_Try it:_ The answer is the data repeated in full, with no pictures included.

_Data:_
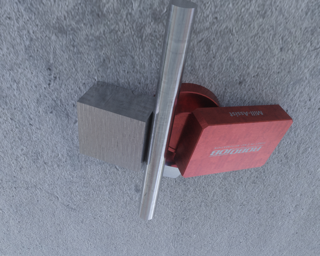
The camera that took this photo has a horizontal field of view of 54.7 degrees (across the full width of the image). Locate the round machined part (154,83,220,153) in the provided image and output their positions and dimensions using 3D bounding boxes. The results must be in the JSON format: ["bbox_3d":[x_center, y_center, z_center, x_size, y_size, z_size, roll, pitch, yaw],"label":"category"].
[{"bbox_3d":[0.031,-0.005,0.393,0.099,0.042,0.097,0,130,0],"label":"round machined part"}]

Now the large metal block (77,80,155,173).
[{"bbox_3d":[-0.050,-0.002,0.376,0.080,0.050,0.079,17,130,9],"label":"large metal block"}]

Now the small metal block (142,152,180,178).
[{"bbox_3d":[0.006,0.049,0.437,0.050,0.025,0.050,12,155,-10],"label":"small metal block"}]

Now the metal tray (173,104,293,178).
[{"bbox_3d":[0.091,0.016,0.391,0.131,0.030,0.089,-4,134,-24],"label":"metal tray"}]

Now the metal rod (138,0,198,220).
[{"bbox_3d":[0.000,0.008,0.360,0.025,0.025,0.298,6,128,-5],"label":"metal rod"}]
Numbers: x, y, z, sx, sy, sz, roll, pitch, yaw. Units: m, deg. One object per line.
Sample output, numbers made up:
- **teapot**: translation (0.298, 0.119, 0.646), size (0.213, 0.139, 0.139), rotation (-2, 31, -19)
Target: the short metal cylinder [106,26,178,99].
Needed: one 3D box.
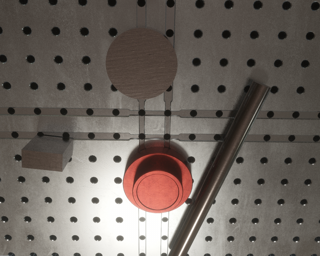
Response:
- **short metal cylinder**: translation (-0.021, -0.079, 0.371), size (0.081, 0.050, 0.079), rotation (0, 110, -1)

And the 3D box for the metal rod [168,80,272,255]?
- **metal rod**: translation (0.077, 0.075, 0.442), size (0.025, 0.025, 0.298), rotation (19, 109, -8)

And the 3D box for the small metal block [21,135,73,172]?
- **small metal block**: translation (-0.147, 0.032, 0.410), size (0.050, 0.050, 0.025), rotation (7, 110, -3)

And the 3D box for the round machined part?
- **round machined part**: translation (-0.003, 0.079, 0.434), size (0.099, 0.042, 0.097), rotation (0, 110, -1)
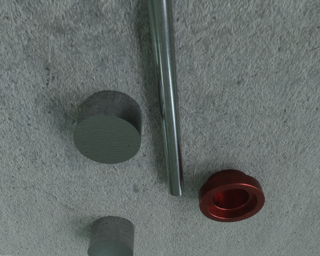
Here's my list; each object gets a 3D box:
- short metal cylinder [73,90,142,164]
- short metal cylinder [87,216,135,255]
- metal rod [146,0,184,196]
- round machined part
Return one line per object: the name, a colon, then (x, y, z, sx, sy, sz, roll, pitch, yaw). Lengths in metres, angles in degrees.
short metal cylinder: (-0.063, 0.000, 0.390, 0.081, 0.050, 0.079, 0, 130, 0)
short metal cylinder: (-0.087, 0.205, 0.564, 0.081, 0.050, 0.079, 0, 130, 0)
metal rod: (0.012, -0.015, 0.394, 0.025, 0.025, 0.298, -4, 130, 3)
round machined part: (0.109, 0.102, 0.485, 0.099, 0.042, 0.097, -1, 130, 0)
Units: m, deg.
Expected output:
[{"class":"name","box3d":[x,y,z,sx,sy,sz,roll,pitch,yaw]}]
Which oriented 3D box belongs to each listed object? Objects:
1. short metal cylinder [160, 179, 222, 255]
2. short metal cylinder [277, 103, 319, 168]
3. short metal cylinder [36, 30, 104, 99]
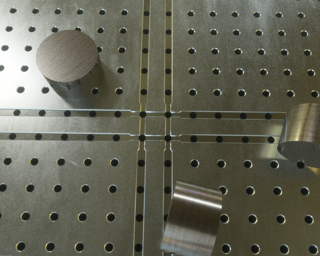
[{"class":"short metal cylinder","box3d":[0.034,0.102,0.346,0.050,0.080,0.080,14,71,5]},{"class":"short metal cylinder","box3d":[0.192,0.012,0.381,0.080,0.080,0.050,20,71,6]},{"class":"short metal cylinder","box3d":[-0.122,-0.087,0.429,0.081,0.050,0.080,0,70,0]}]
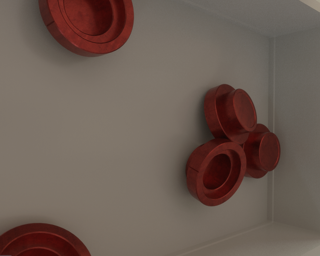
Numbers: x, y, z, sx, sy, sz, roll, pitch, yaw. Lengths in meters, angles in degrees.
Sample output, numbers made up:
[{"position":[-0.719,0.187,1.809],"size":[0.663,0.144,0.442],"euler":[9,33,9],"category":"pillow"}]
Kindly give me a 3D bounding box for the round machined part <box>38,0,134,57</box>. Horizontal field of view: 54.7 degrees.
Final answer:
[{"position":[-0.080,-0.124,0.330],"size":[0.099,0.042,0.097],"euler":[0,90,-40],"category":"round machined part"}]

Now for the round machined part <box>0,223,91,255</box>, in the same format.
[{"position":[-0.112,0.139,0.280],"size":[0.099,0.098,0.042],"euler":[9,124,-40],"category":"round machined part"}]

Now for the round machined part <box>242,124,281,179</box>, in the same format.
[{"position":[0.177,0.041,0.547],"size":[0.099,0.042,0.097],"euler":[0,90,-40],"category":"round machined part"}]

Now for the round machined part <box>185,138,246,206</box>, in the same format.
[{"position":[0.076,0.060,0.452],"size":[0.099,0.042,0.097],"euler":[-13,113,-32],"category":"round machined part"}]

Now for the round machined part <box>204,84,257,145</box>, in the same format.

_Problem solution:_
The camera that took this photo has a horizontal field of view of 54.7 degrees (across the full width of the image). Locate the round machined part (154,83,220,153) in the provided image and output their positions and dimensions using 3D bounding boxes. The results must be in the JSON format: ["bbox_3d":[x_center, y_center, z_center, x_size, y_size, z_size, roll, pitch, yaw],"label":"category"].
[{"bbox_3d":[0.031,-0.005,0.393,0.099,0.042,0.097,0,130,0],"label":"round machined part"}]

Now the large metal block (77,80,155,173).
[{"bbox_3d":[-0.050,-0.002,0.376,0.080,0.050,0.079,17,130,9],"label":"large metal block"}]

Now the small metal block (142,152,180,178).
[{"bbox_3d":[0.006,0.049,0.437,0.050,0.025,0.050,12,155,-10],"label":"small metal block"}]

Now the metal tray (173,104,293,178).
[{"bbox_3d":[0.091,0.016,0.391,0.131,0.030,0.089,-4,134,-24],"label":"metal tray"}]

Now the metal rod (138,0,198,220).
[{"bbox_3d":[0.000,0.008,0.360,0.025,0.025,0.298,6,128,-5],"label":"metal rod"}]
Numbers: x, y, z, sx, sy, sz, roll, pitch, yaw. Units: m, deg. One object per line.
Sample output, numbers made up:
- **teapot**: translation (0.298, 0.119, 0.646), size (0.213, 0.139, 0.139), rotation (-2, 31, -19)
Target: the short metal cylinder [106,26,178,99].
Needed: one 3D box.
Response:
- **short metal cylinder**: translation (-0.021, -0.079, 0.371), size (0.081, 0.050, 0.079), rotation (0, 110, -1)

And the 3D box for the metal rod [168,80,272,255]?
- **metal rod**: translation (0.077, 0.075, 0.442), size (0.025, 0.025, 0.298), rotation (19, 109, -8)

And the 3D box for the small metal block [21,135,73,172]?
- **small metal block**: translation (-0.147, 0.032, 0.410), size (0.050, 0.050, 0.025), rotation (7, 110, -3)

And the 3D box for the round machined part?
- **round machined part**: translation (-0.003, 0.079, 0.434), size (0.099, 0.042, 0.097), rotation (0, 110, -1)
Here's my list; each object gets a 3D box:
- short metal cylinder [73,90,142,164]
- short metal cylinder [87,216,135,255]
- metal rod [146,0,184,196]
- round machined part
Return one line per object: the name, a colon, then (x, y, z, sx, sy, sz, roll, pitch, yaw). Lengths in metres, angles in degrees.
short metal cylinder: (-0.063, 0.000, 0.390, 0.081, 0.050, 0.079, 0, 130, 0)
short metal cylinder: (-0.087, 0.205, 0.564, 0.081, 0.050, 0.079, 0, 130, 0)
metal rod: (0.012, -0.015, 0.394, 0.025, 0.025, 0.298, -4, 130, 3)
round machined part: (0.109, 0.102, 0.485, 0.099, 0.042, 0.097, -1, 130, 0)
Units: m, deg.
Expected output:
[{"class":"name","box3d":[x,y,z,sx,sy,sz,roll,pitch,yaw]}]
Which oriented 3D box belongs to each listed object? Objects:
1. short metal cylinder [160, 179, 222, 255]
2. short metal cylinder [277, 103, 319, 168]
3. short metal cylinder [36, 30, 104, 99]
[{"class":"short metal cylinder","box3d":[0.034,0.102,0.346,0.050,0.080,0.080,14,71,5]},{"class":"short metal cylinder","box3d":[0.192,0.012,0.381,0.080,0.080,0.050,20,71,6]},{"class":"short metal cylinder","box3d":[-0.122,-0.087,0.429,0.081,0.050,0.080,0,70,0]}]
Numbers: x, y, z, sx, sy, sz, roll, pitch, yaw. Lengths in meters, angles in degrees.
Sample output, numbers made up:
[{"position":[-0.719,0.187,1.809],"size":[0.663,0.144,0.442],"euler":[9,33,9],"category":"pillow"}]
Kindly give me a 3D bounding box for the round machined part <box>38,0,134,57</box>. Horizontal field of view: 54.7 degrees.
Final answer:
[{"position":[-0.080,-0.124,0.330],"size":[0.099,0.042,0.097],"euler":[0,90,-40],"category":"round machined part"}]

Now for the round machined part <box>0,223,91,255</box>, in the same format.
[{"position":[-0.112,0.139,0.280],"size":[0.099,0.098,0.042],"euler":[9,124,-40],"category":"round machined part"}]

Now for the round machined part <box>242,124,281,179</box>, in the same format.
[{"position":[0.177,0.041,0.547],"size":[0.099,0.042,0.097],"euler":[0,90,-40],"category":"round machined part"}]

Now for the round machined part <box>185,138,246,206</box>, in the same format.
[{"position":[0.076,0.060,0.452],"size":[0.099,0.042,0.097],"euler":[-13,113,-32],"category":"round machined part"}]

Now for the round machined part <box>204,84,257,145</box>, in the same format.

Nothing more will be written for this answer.